Lo stesso Musk ha riconosciuto che xAI è ancora in ritardo rispetto a concorrenti come OpenAI e Anthropic in alcuni segmenti strategici, in particolare negli strumenti dedicati allo sviluppo software.

Non a caso negli ultimi mesi SpaceX e xAI avevano già iniziato a reclutare ingegneri provenienti proprio da Cursor.

L'acquisizione permette quindi di accelerare drasticamente questo percorso, incorporando una delle piattaforme più apprezzate dagli sviluppatori.

Il mercato continua a comprare una visione del futuro

La reazione degli investitori conferma che il mercato non sta valutando SpaceX come una semplice azienda spaziale.

Sempre più operatori vedono il gruppo come una piattaforma che integra:

  • infrastrutture spaziali;

  • connettività satellitare;

  • difesa;

  • intelligenza artificiale;

  • software avanzato;

  • servizi tecnologici globali.

È questa combinazione che sta alimentando valutazioni che fino a pochi mesi fa sarebbero sembrate impensabili.

Le prese di beneficio e la volatilità non mancheranno, soprattutto dopo il rally straordinario delle prime sedute di contrattazione.

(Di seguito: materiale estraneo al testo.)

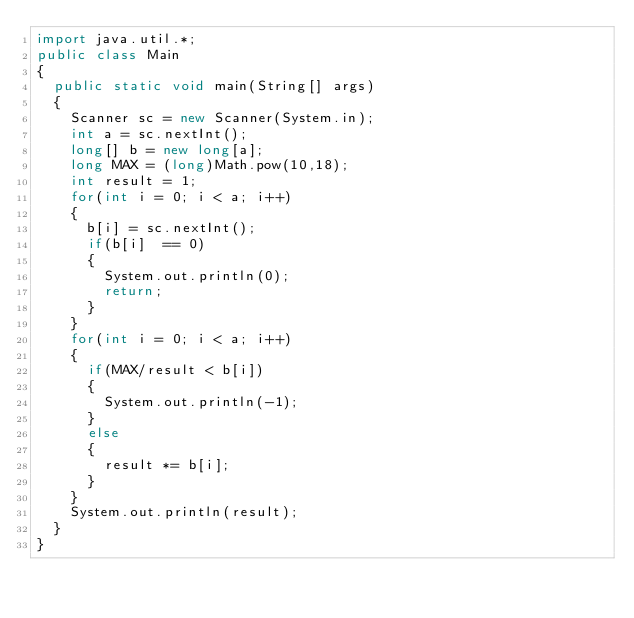<code> <loc_0><loc_0><loc_500><loc_500><_Java_>import java.util.*;
public class Main
{
  public static void main(String[] args)
  {
    Scanner sc = new Scanner(System.in);
    int a = sc.nextInt();
    long[] b = new long[a];
    long MAX = (long)Math.pow(10,18);
    int result = 1;
    for(int i = 0; i < a; i++)
    {
      b[i] = sc.nextInt();
      if(b[i]  == 0)
      {
        System.out.println(0);
      	return;
      }
    }
    for(int i = 0; i < a; i++)
    {
      if(MAX/result < b[i])
      {
        System.out.println(-1);
      }
      else
      {
        result *= b[i];
      }
    }
    System.out.println(result);
  }
}
</code> 
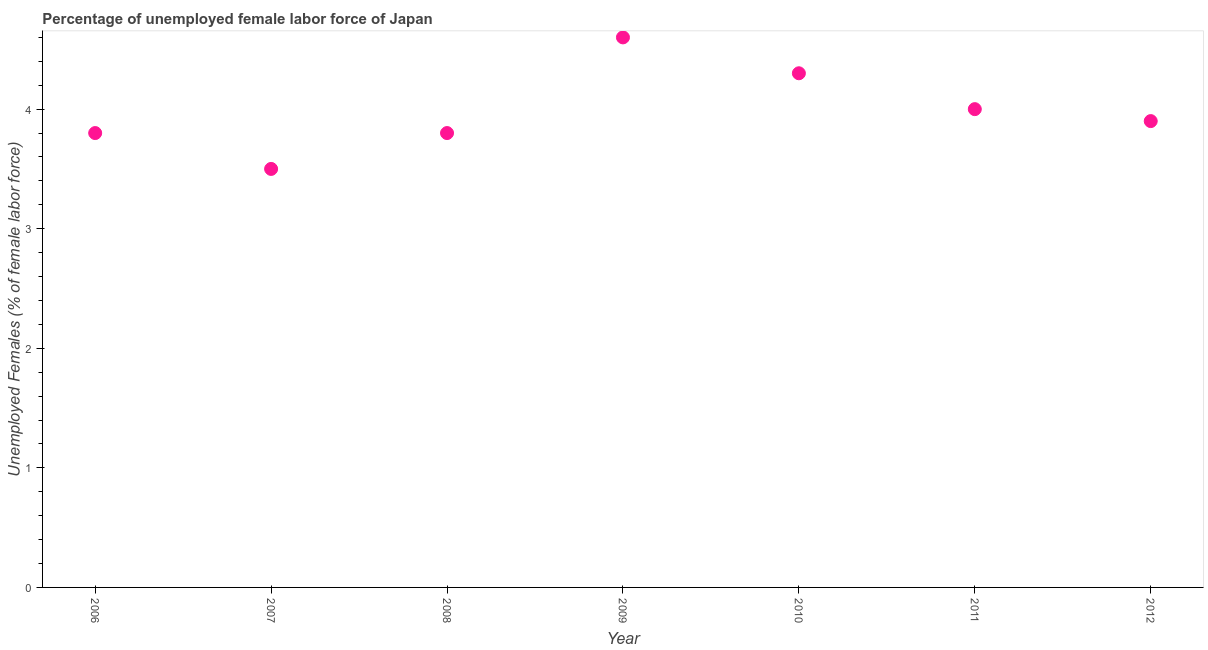What is the total unemployed female labour force in 2009?
Make the answer very short. 4.6. Across all years, what is the maximum total unemployed female labour force?
Your answer should be very brief. 4.6. What is the sum of the total unemployed female labour force?
Ensure brevity in your answer.  27.9. What is the difference between the total unemployed female labour force in 2007 and 2009?
Keep it short and to the point. -1.1. What is the average total unemployed female labour force per year?
Ensure brevity in your answer.  3.99. What is the median total unemployed female labour force?
Give a very brief answer. 3.9. In how many years, is the total unemployed female labour force greater than 0.8 %?
Offer a terse response. 7. What is the ratio of the total unemployed female labour force in 2007 to that in 2009?
Provide a short and direct response. 0.76. Is the total unemployed female labour force in 2010 less than that in 2012?
Ensure brevity in your answer.  No. Is the difference between the total unemployed female labour force in 2008 and 2009 greater than the difference between any two years?
Make the answer very short. No. What is the difference between the highest and the second highest total unemployed female labour force?
Your answer should be very brief. 0.3. Is the sum of the total unemployed female labour force in 2010 and 2012 greater than the maximum total unemployed female labour force across all years?
Give a very brief answer. Yes. What is the difference between the highest and the lowest total unemployed female labour force?
Provide a succinct answer. 1.1. Does the total unemployed female labour force monotonically increase over the years?
Ensure brevity in your answer.  No. How many dotlines are there?
Keep it short and to the point. 1. How many years are there in the graph?
Keep it short and to the point. 7. What is the difference between two consecutive major ticks on the Y-axis?
Provide a succinct answer. 1. Are the values on the major ticks of Y-axis written in scientific E-notation?
Provide a short and direct response. No. Does the graph contain any zero values?
Your response must be concise. No. What is the title of the graph?
Provide a succinct answer. Percentage of unemployed female labor force of Japan. What is the label or title of the X-axis?
Your response must be concise. Year. What is the label or title of the Y-axis?
Provide a short and direct response. Unemployed Females (% of female labor force). What is the Unemployed Females (% of female labor force) in 2006?
Your response must be concise. 3.8. What is the Unemployed Females (% of female labor force) in 2007?
Offer a terse response. 3.5. What is the Unemployed Females (% of female labor force) in 2008?
Offer a terse response. 3.8. What is the Unemployed Females (% of female labor force) in 2009?
Your answer should be compact. 4.6. What is the Unemployed Females (% of female labor force) in 2010?
Make the answer very short. 4.3. What is the Unemployed Females (% of female labor force) in 2011?
Your answer should be compact. 4. What is the Unemployed Females (% of female labor force) in 2012?
Your answer should be compact. 3.9. What is the difference between the Unemployed Females (% of female labor force) in 2006 and 2008?
Provide a short and direct response. 0. What is the difference between the Unemployed Females (% of female labor force) in 2006 and 2011?
Provide a short and direct response. -0.2. What is the difference between the Unemployed Females (% of female labor force) in 2007 and 2008?
Your answer should be very brief. -0.3. What is the difference between the Unemployed Females (% of female labor force) in 2007 and 2011?
Make the answer very short. -0.5. What is the difference between the Unemployed Females (% of female labor force) in 2009 and 2011?
Make the answer very short. 0.6. What is the difference between the Unemployed Females (% of female labor force) in 2010 and 2011?
Make the answer very short. 0.3. What is the ratio of the Unemployed Females (% of female labor force) in 2006 to that in 2007?
Give a very brief answer. 1.09. What is the ratio of the Unemployed Females (% of female labor force) in 2006 to that in 2009?
Offer a very short reply. 0.83. What is the ratio of the Unemployed Females (% of female labor force) in 2006 to that in 2010?
Your response must be concise. 0.88. What is the ratio of the Unemployed Females (% of female labor force) in 2006 to that in 2011?
Provide a succinct answer. 0.95. What is the ratio of the Unemployed Females (% of female labor force) in 2007 to that in 2008?
Ensure brevity in your answer.  0.92. What is the ratio of the Unemployed Females (% of female labor force) in 2007 to that in 2009?
Offer a terse response. 0.76. What is the ratio of the Unemployed Females (% of female labor force) in 2007 to that in 2010?
Keep it short and to the point. 0.81. What is the ratio of the Unemployed Females (% of female labor force) in 2007 to that in 2011?
Provide a short and direct response. 0.88. What is the ratio of the Unemployed Females (% of female labor force) in 2007 to that in 2012?
Ensure brevity in your answer.  0.9. What is the ratio of the Unemployed Females (% of female labor force) in 2008 to that in 2009?
Provide a short and direct response. 0.83. What is the ratio of the Unemployed Females (% of female labor force) in 2008 to that in 2010?
Provide a short and direct response. 0.88. What is the ratio of the Unemployed Females (% of female labor force) in 2009 to that in 2010?
Keep it short and to the point. 1.07. What is the ratio of the Unemployed Females (% of female labor force) in 2009 to that in 2011?
Ensure brevity in your answer.  1.15. What is the ratio of the Unemployed Females (% of female labor force) in 2009 to that in 2012?
Provide a succinct answer. 1.18. What is the ratio of the Unemployed Females (% of female labor force) in 2010 to that in 2011?
Provide a short and direct response. 1.07. What is the ratio of the Unemployed Females (% of female labor force) in 2010 to that in 2012?
Give a very brief answer. 1.1.

Tuttavia, il messaggio che arriva da Wall Street è chiaro: il mercato ritiene che SpaceX possa diventare uno dei principali protagonisti della prossima fase della rivoluzione tecnologica.

E ogni nuova mossa di Musk sembra andare esattamente in quella direzione.

ARK apre agli investitori europei l'accesso a SpaceX attraverso i suoi ETF

L'ingresso di SpaceX nei portafogli degli ETF UCITS di ARK Invest rappresenta un passaggio importante non solo per la società di Elon Musk, ma anche per il mercato europeo degli investimenti tematici.

ARK ha infatti annunciato che tre dei suoi ETF quotati in Europa hanno partecipato all'IPO record di SpaceX, inserendo il titolo immediatamente tra le principali posizioni in portafoglio:

  • ARK Space & Defence Innovation UCITS ETF (ARKX): 7,97%

  • ARK Innovation UCITS ETF (ARKK): 4,13%

  • ARK Artificial Intelligence & Robotics UCITS ETF (ARKI): 3,23%

Si tratta di pesi significativi che confermano la convinzione di Cathie Wood sulle prospettive di lungo periodo dell'azienda.

Un segnale importante per il tema AI

L'inserimento di SpaceX negli ETF ARK arriva inoltre in un momento in cui il mercato continua a mostrare una domanda quasi inesauribile per tutto ciò che è legato all'intelligenza artificiale.

Dall'acquisizione di Cursor ai piani di espansione di xAI, fino alla crescente integrazione tra dati satellitari, AI e infrastrutture globali, SpaceX sta rapidamente ampliando il proprio raggio d'azione ben oltre il settore spaziale tradizionale.

Per gli investitori europei, l'iniziativa di ARK rappresenta quindi una delle prime opportunità per ottenere un'esposizione diretta a quella che molti considerano una delle aziende più strategiche della nuova economia dell'intelligenza artificiale.

E conoscendo Cathie Wood, è difficile pensare che questa sia una scommessa di breve periodo.